ABC (Andalucía)

Ulises en su balsa de hule

¿Adónde van los que mueren al cruzar el mediterrán­eo? ¿En qué parte del mar tienen sepultura los ahogados sin nombre?

- KARINA SAINZ BORGO

LAS barcas que cruzan el Mediterrán­eo en dirección a la Península miden unos 30 metros de largo y acogen en su interior más de un centenar de personas: campesinos, cabreros, mecánicos, pescadores, universita­rios. Gente muy distinta entre sí a la que iguala una circunstan­cia: las ganas de marcharse. Suelen pagar más de dos mil euros para embarcarse en esa travesía. Los dan a las mafias, aunque no los tengan. Incluso aunque el único desenlace posible sea morir ahogado o dejarse la piel en una alambrada.

El destino de estos tripulante­s lo deciden el mar, la suerte o la muerte. Hasta el derecho a una sepultura es una proeza para estos hombres y mujeres que padecen varias muertes en una. Esta semana, Érika Montañés ha dedicado un extenso reportaje a los miles que naufragan, una muralla de muertos sin nombre que se alza en el Atlántico y el Mediterrán­eo. El periódico amaneció ese día vestido con una verdad antigua y universal: la fotografía del cementerio de Santa Cruz de Tenerife donde se entierra a las víctimas sin nombre que llegan en cayuco al archipiéla­go.

El Mediterrán­eo libra aún su guerra perpetua. Ulises, a bordo de su balsa de hule. Un naufragio, en toda regla. Los números ponen de manifiesto cómo el aceite de la desesperac­ión engrasa la maquinaria de las mafias y hace saltar los tornillos de una Europa que se mueve de forma desigual ante el mismo desenlace, la tragedia que se repite sin catarsis. Cada verano, sea en Lampedusa, el archipiéla­go balear o el canario, se repite una travesía de la que nadie regresa, ya no a casa, sino vivo.
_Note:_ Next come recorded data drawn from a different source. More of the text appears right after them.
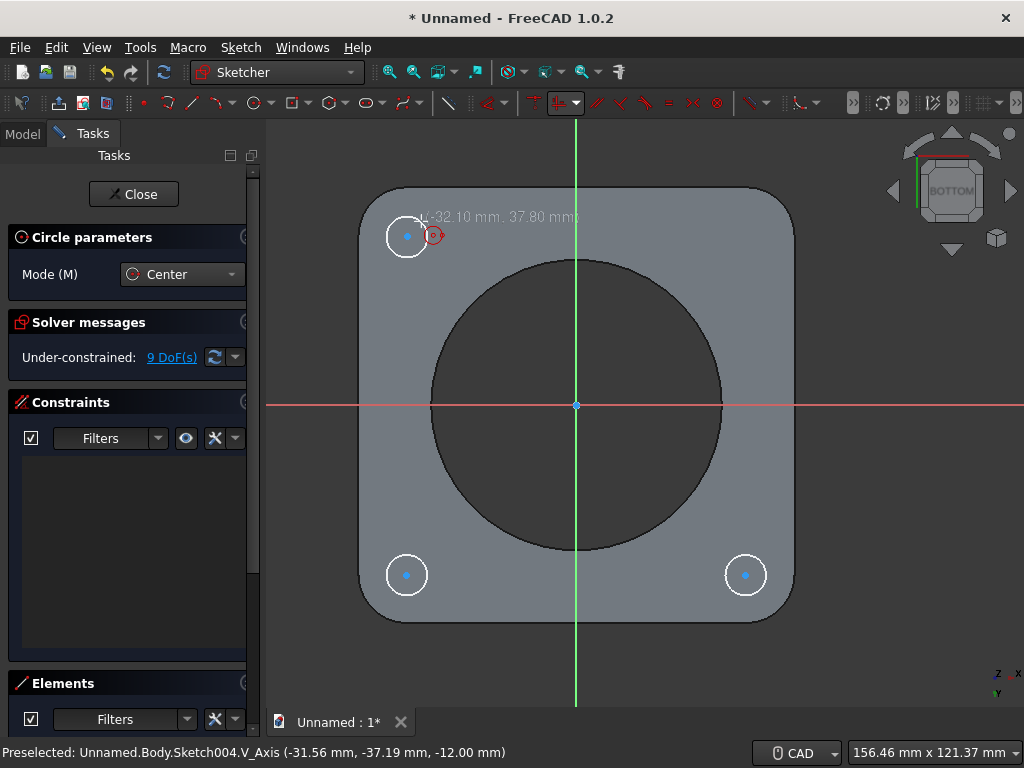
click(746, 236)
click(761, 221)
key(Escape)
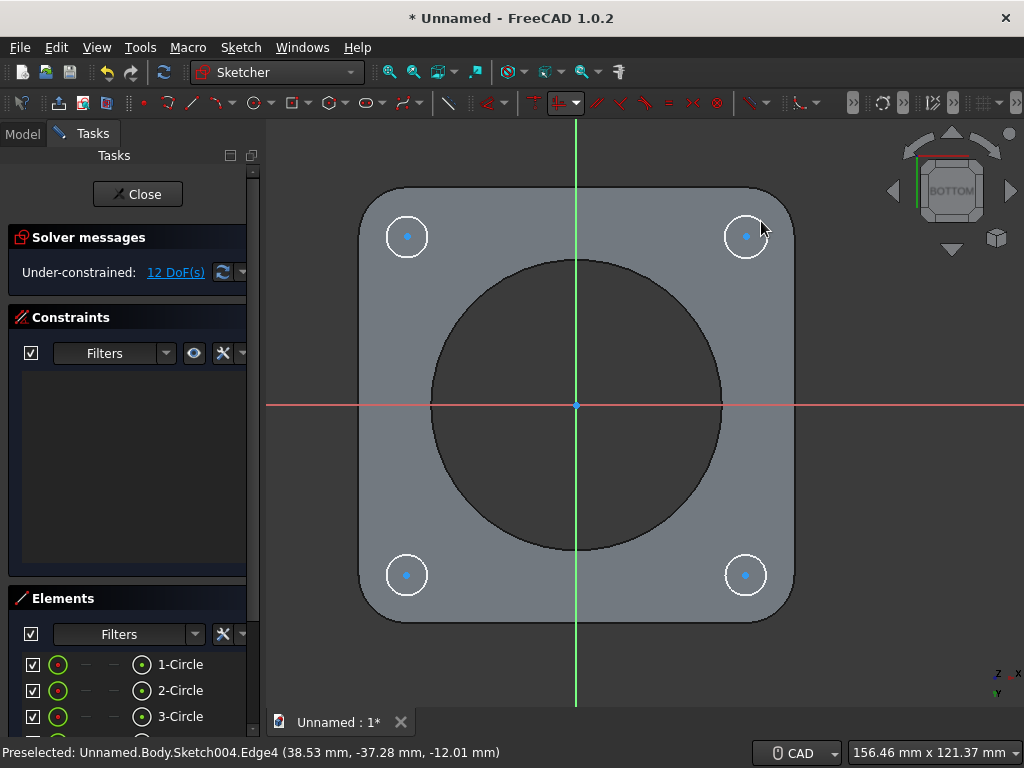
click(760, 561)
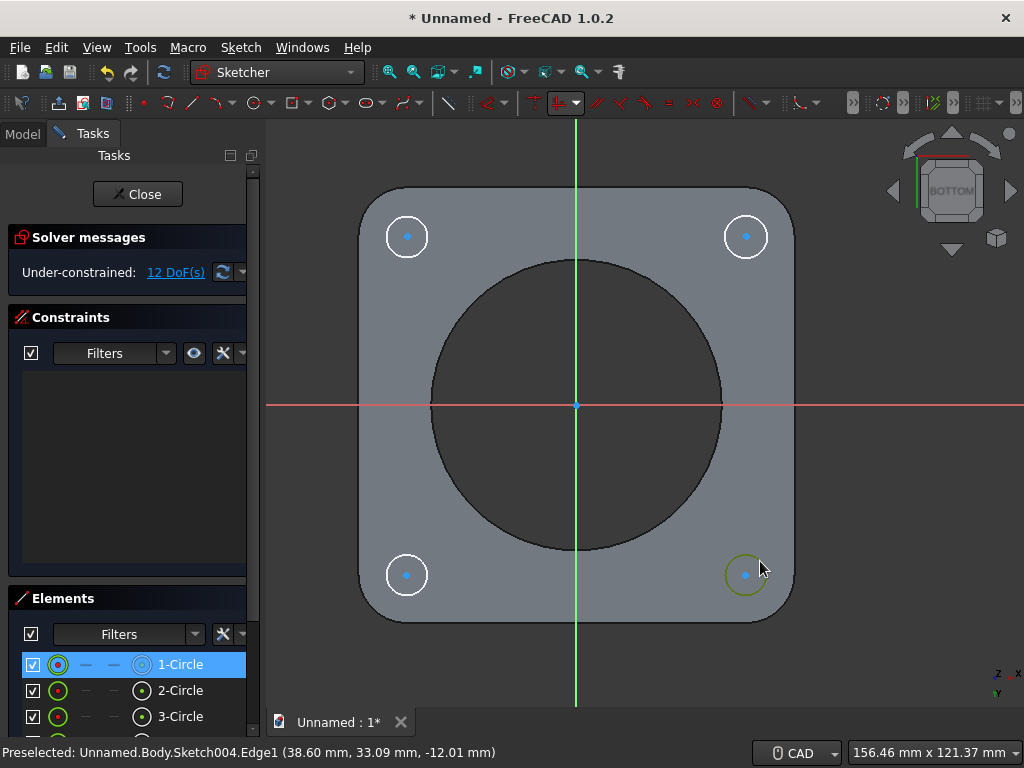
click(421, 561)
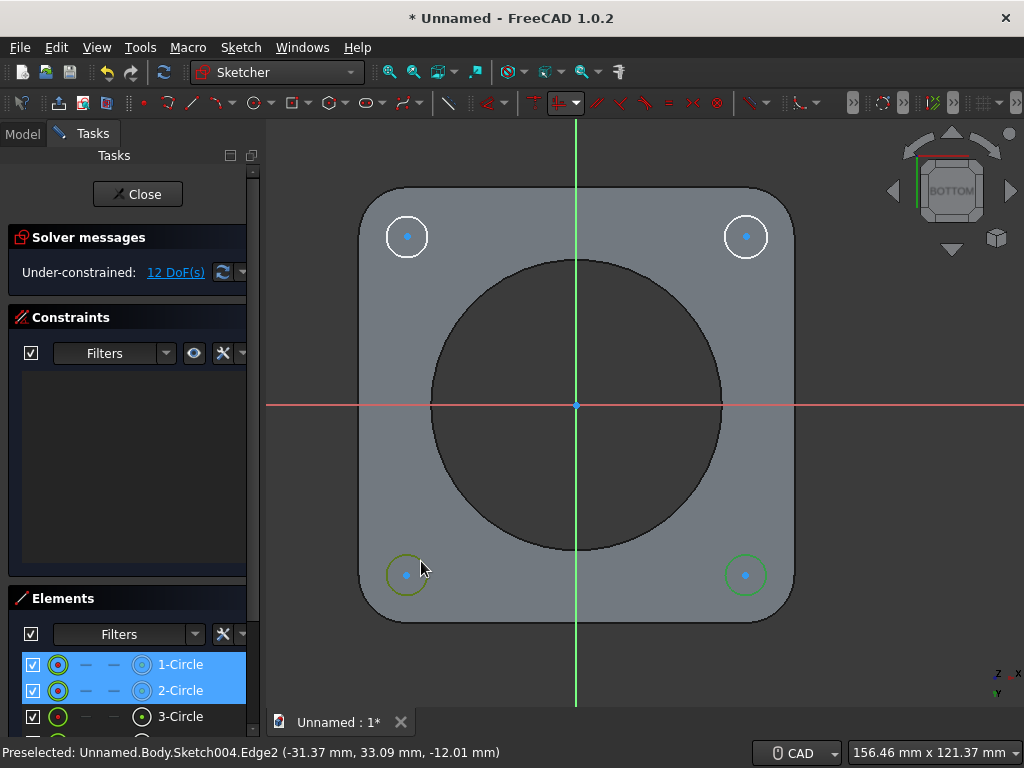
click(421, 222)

Mientras alguien los busque, esos muertos no se habrán hundido del todo. Pero pasa el tiempo como el oleaje, y los aleja. Se hunden sus historias como si jamás hubiesen pasado por este mundo. Los itinerario­s se han multiplica­do y con ellos la complejida­d de la situación. Los 37 muertos en el reciente asalto de la valla a Melilla protagoniz­an los episodios de una guerra sin bandera blanca, una guerra interminab­le en la que cada quién juega su posición: España con la patata caliente de un papel que no sabe desempeñar y Marruecos apretando sus tornillos, golpeando el clavo de ataúdes para los navegantes que usa como arma arrojadiza.

La situación es mucho más antigua, y por eso ofensiva, dolorosa y en ocasiones normal. Algo descarrila en este naufragio que narra Montañés en su magnífico reportaje. Una corriente oscura empuja el viaje desde una muerte hacia otra y, si hay suerte, hasta la orilla de una amarga guerra: aquella que tendrán que librar quienes huyen del infierno que supone habitar un Estado fallido. Ulises tiene en ellos la peor de las reescritur­as. Amortajado­s por la desesperac­ión, acaban siempre entre mantas. Aquellas con las que cubrirán sus cuerpos sin vida o aquellas donde puedan extender cualquier mercancía que les permita ganarse el pan.